--- Data provided ---
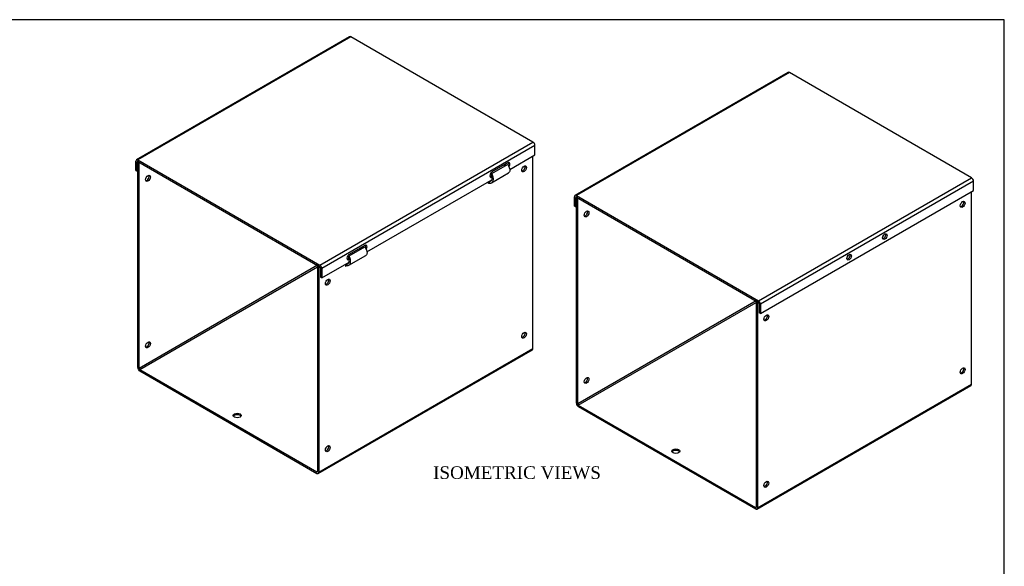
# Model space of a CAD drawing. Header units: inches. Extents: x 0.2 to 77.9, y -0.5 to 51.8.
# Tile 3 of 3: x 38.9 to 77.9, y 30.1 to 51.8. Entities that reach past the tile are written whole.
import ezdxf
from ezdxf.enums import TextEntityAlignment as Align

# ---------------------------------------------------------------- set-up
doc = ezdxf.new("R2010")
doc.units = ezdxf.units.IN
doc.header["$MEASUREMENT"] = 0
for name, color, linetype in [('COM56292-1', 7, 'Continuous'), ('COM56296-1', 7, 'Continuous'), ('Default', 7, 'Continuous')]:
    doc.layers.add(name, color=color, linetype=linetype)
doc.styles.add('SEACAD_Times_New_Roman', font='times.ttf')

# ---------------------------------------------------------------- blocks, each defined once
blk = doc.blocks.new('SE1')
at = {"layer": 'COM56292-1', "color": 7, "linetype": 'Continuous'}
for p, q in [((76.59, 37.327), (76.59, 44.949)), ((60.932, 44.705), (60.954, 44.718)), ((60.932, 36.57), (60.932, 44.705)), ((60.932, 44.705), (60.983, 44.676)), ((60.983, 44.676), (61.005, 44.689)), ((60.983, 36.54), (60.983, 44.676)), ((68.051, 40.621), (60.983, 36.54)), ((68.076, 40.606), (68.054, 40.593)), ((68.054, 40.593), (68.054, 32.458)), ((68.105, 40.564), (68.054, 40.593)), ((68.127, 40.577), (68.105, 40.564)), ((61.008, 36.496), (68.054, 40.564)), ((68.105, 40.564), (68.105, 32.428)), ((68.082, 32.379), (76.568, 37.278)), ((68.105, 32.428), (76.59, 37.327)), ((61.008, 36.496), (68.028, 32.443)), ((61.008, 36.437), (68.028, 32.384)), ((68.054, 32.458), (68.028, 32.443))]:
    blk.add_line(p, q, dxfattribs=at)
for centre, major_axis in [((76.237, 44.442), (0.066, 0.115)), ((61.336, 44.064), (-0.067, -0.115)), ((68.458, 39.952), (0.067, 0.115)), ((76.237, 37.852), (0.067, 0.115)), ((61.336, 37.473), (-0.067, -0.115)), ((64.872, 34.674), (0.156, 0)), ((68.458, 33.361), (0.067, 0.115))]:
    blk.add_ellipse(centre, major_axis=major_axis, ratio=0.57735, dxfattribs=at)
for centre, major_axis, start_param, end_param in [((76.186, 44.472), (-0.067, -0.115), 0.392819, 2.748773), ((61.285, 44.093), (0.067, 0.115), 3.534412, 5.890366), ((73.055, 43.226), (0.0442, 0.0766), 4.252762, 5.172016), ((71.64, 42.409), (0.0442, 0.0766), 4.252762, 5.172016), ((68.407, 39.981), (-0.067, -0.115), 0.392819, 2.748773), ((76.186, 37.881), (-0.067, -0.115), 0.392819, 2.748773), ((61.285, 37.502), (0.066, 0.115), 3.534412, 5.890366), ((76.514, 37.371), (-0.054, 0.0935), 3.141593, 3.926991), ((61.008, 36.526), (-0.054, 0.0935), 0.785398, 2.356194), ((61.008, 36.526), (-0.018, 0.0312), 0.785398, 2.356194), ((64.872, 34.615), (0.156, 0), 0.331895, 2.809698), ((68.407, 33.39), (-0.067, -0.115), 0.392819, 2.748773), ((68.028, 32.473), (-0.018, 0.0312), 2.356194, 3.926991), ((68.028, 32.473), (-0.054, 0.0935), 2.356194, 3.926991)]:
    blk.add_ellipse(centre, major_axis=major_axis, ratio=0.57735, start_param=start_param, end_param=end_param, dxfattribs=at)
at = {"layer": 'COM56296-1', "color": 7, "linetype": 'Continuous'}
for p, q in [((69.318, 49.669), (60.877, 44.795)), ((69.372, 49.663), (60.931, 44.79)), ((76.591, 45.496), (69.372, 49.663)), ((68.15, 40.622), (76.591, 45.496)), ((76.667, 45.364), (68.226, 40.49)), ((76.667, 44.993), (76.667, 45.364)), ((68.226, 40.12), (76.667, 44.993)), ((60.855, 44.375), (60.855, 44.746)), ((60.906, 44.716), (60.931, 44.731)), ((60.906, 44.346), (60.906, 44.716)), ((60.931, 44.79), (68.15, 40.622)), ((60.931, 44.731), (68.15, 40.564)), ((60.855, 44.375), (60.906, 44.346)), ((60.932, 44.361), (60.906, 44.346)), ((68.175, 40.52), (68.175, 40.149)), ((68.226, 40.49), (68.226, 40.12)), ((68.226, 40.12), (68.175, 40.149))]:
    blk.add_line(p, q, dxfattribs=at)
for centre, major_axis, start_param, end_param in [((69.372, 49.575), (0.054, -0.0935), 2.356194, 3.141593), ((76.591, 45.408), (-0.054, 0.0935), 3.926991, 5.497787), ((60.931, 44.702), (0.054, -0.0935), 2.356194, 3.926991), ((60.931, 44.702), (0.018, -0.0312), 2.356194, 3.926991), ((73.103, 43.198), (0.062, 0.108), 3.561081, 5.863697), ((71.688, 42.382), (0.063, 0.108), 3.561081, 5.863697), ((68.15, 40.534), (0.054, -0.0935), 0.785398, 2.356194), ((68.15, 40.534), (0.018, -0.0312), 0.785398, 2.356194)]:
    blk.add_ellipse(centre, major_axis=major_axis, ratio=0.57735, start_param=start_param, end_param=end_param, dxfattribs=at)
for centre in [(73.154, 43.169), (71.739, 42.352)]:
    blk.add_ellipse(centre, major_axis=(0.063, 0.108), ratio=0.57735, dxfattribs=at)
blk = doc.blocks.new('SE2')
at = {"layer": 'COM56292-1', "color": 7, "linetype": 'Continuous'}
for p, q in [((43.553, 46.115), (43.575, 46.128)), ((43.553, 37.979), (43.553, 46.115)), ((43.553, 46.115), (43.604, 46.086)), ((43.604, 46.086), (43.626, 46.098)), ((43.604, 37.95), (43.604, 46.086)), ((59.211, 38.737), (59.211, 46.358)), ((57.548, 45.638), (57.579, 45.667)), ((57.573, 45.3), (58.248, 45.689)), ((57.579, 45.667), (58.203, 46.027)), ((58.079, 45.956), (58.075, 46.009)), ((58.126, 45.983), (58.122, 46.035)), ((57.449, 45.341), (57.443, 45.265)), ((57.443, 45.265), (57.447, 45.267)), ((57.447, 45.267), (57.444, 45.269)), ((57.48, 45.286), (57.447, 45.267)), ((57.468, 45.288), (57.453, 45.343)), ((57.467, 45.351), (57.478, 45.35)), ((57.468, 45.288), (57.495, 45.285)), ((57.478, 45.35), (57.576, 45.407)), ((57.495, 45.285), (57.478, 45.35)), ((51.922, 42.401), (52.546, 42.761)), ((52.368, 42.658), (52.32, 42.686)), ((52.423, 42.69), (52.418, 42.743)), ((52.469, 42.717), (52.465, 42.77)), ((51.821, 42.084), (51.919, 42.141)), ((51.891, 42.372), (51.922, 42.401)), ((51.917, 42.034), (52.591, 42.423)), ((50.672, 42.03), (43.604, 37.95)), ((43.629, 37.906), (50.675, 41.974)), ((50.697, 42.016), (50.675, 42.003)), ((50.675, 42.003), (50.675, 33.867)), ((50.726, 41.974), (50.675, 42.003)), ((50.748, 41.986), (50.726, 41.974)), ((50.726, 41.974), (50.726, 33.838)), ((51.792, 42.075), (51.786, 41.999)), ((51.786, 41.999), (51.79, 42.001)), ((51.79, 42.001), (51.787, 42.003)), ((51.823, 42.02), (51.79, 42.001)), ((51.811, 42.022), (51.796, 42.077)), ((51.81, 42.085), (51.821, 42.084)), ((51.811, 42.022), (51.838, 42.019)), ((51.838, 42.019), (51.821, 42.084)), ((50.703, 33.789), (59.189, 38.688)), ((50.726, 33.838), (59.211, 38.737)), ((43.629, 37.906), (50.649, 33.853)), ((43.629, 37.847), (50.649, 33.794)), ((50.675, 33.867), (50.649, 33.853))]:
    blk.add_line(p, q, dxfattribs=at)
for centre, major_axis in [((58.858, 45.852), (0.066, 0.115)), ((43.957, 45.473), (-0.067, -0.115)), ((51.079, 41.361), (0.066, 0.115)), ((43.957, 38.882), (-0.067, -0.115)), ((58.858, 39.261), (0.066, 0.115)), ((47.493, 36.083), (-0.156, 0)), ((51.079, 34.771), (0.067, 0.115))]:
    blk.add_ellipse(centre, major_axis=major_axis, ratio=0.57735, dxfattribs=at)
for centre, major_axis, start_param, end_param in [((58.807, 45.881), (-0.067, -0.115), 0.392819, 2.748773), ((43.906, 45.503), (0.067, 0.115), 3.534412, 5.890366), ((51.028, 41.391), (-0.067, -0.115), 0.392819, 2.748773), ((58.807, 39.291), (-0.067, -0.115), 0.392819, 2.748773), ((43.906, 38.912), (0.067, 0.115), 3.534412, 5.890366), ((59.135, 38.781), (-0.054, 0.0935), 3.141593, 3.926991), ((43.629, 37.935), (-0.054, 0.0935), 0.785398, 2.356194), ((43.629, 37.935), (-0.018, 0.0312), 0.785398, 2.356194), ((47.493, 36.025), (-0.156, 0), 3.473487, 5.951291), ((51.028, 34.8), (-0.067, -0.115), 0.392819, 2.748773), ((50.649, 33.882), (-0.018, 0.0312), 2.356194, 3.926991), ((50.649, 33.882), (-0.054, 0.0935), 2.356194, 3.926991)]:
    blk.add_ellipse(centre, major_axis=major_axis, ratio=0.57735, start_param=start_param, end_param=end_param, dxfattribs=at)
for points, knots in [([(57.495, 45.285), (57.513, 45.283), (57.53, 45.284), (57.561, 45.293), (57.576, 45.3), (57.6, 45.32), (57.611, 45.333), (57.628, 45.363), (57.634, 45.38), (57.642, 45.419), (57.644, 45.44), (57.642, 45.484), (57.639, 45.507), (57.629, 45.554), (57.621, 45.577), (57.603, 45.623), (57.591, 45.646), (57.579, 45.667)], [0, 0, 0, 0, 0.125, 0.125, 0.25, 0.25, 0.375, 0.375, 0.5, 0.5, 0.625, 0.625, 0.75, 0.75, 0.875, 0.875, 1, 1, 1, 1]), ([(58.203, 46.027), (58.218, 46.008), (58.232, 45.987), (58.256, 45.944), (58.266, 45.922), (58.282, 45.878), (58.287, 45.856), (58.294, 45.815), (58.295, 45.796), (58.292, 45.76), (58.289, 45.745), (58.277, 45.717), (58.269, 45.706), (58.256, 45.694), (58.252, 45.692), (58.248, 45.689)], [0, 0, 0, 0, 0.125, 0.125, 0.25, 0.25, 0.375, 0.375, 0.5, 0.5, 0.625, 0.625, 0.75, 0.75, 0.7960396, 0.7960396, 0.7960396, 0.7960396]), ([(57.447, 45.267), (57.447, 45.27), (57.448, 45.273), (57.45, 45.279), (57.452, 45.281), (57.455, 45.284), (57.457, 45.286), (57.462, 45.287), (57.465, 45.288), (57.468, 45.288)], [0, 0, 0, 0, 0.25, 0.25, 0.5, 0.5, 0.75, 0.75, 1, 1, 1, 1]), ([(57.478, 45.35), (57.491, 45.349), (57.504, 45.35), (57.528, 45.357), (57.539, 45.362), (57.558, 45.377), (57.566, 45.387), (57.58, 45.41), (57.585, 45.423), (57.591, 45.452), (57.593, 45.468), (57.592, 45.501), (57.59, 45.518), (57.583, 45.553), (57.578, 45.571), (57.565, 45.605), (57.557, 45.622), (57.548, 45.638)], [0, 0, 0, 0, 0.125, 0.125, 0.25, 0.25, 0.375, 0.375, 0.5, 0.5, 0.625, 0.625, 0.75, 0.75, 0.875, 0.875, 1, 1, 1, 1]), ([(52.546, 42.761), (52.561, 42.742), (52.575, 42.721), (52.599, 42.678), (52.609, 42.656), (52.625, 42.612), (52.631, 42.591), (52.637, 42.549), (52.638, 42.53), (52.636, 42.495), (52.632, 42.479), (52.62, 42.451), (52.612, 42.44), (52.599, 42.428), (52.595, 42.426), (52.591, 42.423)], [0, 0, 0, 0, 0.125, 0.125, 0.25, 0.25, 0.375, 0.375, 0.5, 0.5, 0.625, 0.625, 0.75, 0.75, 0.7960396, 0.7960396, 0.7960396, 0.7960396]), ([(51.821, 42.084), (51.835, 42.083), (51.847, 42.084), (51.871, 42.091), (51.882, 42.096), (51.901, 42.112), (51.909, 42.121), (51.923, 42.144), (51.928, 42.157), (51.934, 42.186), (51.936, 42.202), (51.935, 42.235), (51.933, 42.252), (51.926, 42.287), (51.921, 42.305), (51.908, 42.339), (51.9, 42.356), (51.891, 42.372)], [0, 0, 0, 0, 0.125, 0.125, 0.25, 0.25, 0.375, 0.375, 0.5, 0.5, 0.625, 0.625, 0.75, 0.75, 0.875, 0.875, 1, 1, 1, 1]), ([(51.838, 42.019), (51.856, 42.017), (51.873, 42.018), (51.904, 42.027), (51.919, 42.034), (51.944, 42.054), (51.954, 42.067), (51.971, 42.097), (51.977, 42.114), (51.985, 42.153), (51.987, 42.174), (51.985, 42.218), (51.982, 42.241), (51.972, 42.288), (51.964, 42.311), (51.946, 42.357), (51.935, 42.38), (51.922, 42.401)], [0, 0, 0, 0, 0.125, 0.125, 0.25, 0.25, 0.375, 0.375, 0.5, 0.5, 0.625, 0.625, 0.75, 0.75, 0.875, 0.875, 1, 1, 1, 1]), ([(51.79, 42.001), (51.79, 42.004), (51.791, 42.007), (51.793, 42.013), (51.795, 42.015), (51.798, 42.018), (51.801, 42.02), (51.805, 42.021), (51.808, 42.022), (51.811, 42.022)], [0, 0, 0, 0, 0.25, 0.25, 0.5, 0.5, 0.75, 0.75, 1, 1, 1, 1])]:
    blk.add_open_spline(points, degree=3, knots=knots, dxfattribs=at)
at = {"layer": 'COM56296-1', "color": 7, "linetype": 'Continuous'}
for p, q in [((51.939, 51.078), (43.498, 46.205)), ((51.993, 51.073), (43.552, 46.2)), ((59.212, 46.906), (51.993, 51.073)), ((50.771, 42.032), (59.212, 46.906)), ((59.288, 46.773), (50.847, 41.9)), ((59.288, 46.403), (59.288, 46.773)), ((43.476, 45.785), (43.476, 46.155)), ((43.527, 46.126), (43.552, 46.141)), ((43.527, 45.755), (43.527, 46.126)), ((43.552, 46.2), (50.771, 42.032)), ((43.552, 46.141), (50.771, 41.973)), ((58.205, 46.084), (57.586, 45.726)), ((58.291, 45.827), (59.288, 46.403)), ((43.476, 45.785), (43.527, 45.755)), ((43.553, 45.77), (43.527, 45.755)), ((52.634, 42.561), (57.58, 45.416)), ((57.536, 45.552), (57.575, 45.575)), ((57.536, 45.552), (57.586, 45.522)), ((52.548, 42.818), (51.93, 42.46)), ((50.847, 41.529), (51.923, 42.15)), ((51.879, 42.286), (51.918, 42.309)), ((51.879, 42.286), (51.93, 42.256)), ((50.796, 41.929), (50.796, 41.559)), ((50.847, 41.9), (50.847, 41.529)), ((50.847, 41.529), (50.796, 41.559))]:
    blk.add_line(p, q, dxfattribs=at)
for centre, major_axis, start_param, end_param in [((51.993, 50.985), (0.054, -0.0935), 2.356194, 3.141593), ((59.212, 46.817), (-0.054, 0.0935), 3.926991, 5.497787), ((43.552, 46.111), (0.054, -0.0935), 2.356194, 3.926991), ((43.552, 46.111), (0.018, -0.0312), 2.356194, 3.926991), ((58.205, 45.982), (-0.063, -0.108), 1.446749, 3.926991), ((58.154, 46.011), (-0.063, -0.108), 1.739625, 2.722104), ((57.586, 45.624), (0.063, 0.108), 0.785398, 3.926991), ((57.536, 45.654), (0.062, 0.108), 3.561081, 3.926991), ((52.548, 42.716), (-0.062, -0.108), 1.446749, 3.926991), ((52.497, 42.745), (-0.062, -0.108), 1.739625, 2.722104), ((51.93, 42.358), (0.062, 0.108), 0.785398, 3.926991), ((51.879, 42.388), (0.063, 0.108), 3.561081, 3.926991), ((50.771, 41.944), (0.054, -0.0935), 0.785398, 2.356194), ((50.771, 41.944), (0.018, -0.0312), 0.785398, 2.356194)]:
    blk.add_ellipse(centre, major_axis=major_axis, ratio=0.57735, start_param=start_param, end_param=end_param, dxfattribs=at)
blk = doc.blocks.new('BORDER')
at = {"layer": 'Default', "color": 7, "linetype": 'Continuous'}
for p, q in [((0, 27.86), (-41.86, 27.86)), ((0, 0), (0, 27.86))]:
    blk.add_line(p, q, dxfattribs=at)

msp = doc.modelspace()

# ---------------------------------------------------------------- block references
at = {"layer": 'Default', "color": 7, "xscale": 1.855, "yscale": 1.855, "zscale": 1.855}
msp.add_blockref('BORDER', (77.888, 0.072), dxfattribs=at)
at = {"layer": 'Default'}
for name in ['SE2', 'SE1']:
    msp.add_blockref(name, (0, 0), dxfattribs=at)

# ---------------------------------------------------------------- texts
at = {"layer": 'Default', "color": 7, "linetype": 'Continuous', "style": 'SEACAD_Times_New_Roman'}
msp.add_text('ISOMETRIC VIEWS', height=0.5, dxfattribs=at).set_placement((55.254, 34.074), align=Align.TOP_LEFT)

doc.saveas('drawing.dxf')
---
§ **Assignment**
Copy the lines above that hold the word "Default".

§ **Written response**
for name, color, linetype in [('COM56292-1', 7, 'Continuous'), ('COM56296-1', 7, 'Continuous'), ('Default', 7, 'Continuous')]:
at = {"layer": 'Default', "color": 7, "linetype": 'Continuous'}
at = {"layer": 'Default', "color": 7, "xscale": 1.855, "yscale": 1.855, "zscale": 1.855}
at = {"layer": 'Default'}
at = {"layer": 'Default', "color": 7, "linetype": 'Continuous', "style": 'SEACAD_Times_New_Roman'}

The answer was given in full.